J'ai confiance dans la sincérité de votre foi et de votre volonté ; j'ai confiance dans votre jeunesse, j'ai confiance dans votre résolution de vous engager, au-delà du sport, pour le salut de l'homme contemporain, pour l'avènement de ces " nouveaux cieux " et de cette " terre nouvelle ", ( 2 P 3, 13 ) vers lesquels nous sommes tous tendu avec l'ardeur de l'espérance chrétienne !

Je sens que l'Eglise, non moins que vos patries, peut compter sur vous !

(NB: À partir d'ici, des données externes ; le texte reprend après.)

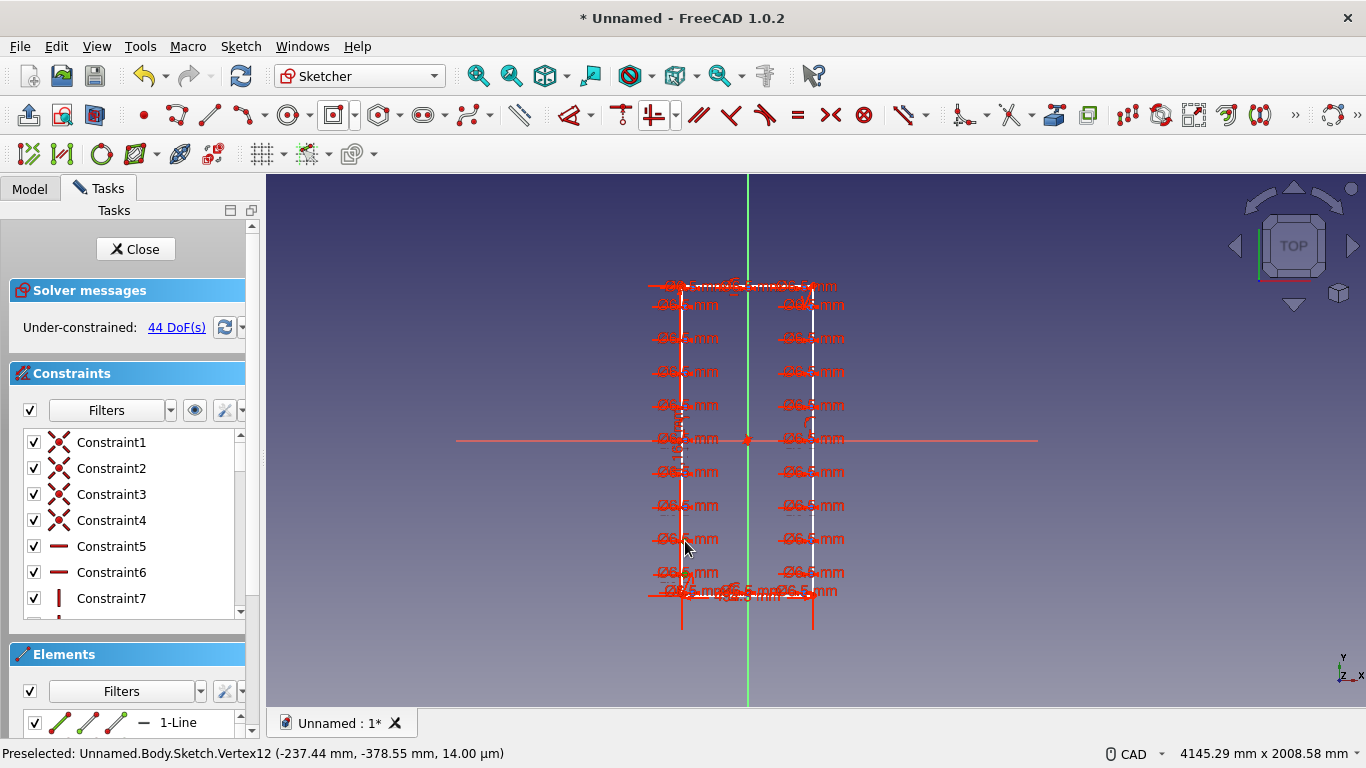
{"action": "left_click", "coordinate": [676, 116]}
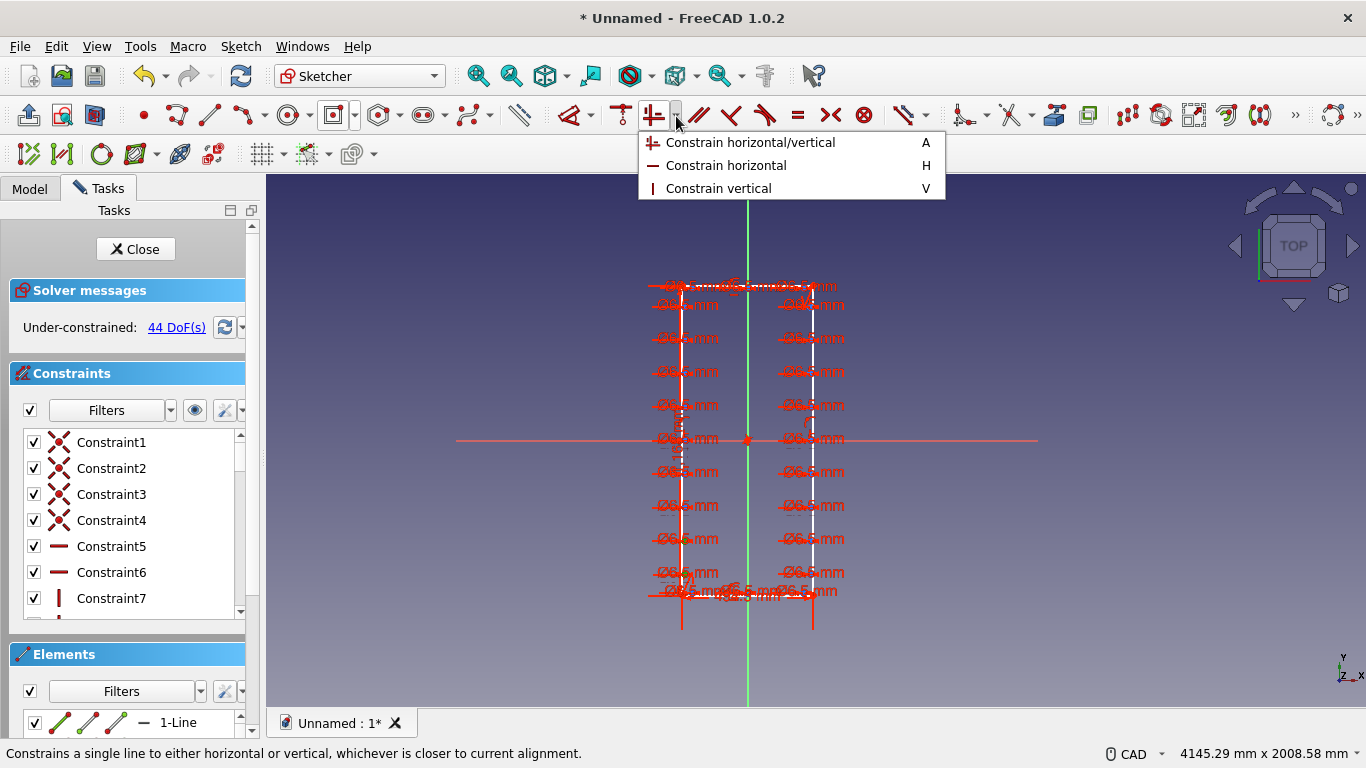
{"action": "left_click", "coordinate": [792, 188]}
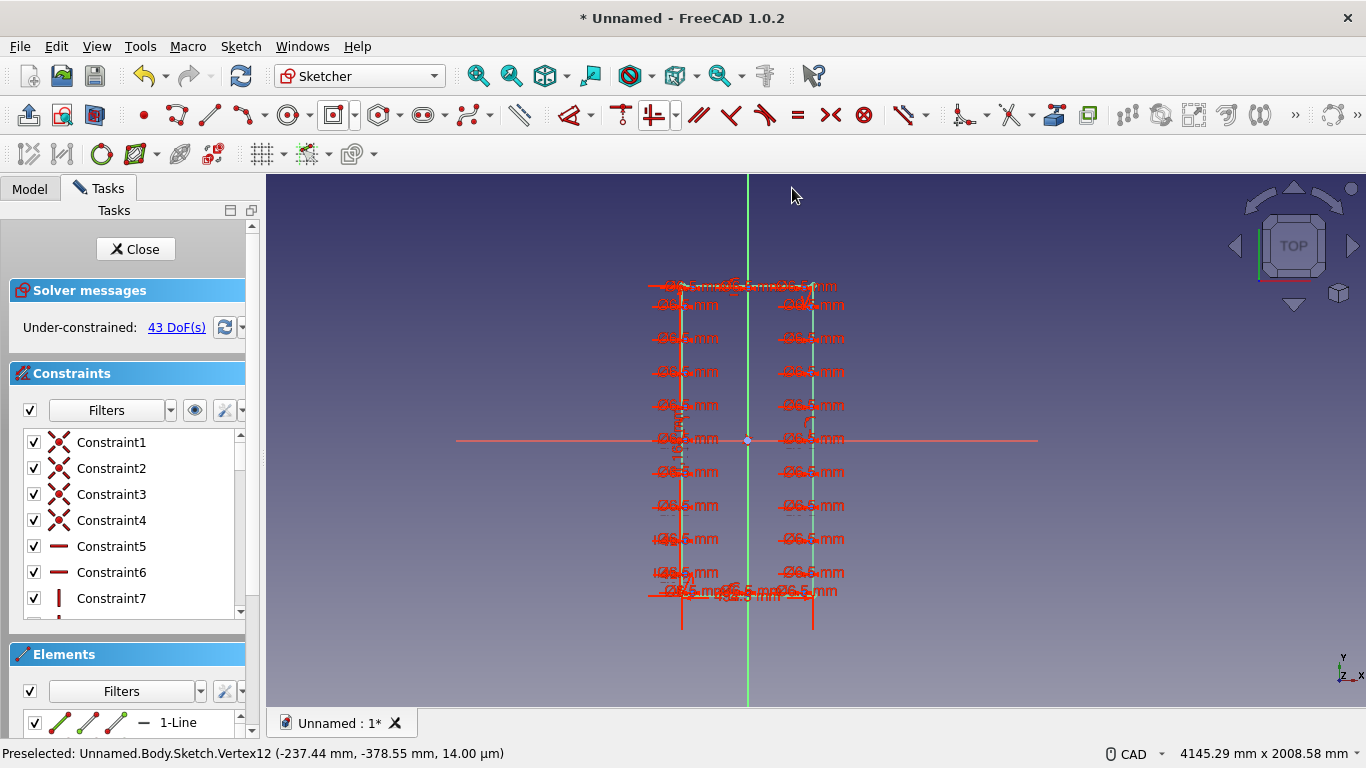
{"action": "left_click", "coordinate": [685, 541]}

Ayez des modèles dont vous vous inspirerez. Je pense, par exemple, à Pier Giorgio Frassati qui fut un jeune moderne, ouvert aux valeurs du sport - il était un bon alpiniste et un skieur éprouvé - mais qui sut donner en même temps un courageux témoignage de générosité dans lafoi chrétienne et dans l'exercice de la charité envers le prochain, spécialement les plus pauvres et les plus souffrants. Il n'avait que 24 ans que le Seigneur le rappela à lui, en août 1925 ; mais il est toujours bien vivant au milieu de nous avec son sourire et sa bonté, pour inviter les jeunes de son âge à l'amour du Christ et à une vie vertueuse. Après la première guerre mondiale, il écrivait : " Avec la charité, on sème parmi les hommes la paix, non la paix du monde, mais la vraie paix que seule la foi au Christ peut nous donner, en nous rendant frères. " Je vous laisse comme programme ces paroles, avec son amitié spirituelle, afin qu'en tous lieux de la terre vous soyez vous aussi porteurs de la vraie paix du Christ !

Je vous souhaite de cheminer vers les temps nouveaux avec ce " coeur nouveau " que chacun de vous aura pu réaliser en lui-même dans ce jubilé de la Rédemption, comme un don de grâce et une conquête d'amour ! Amen.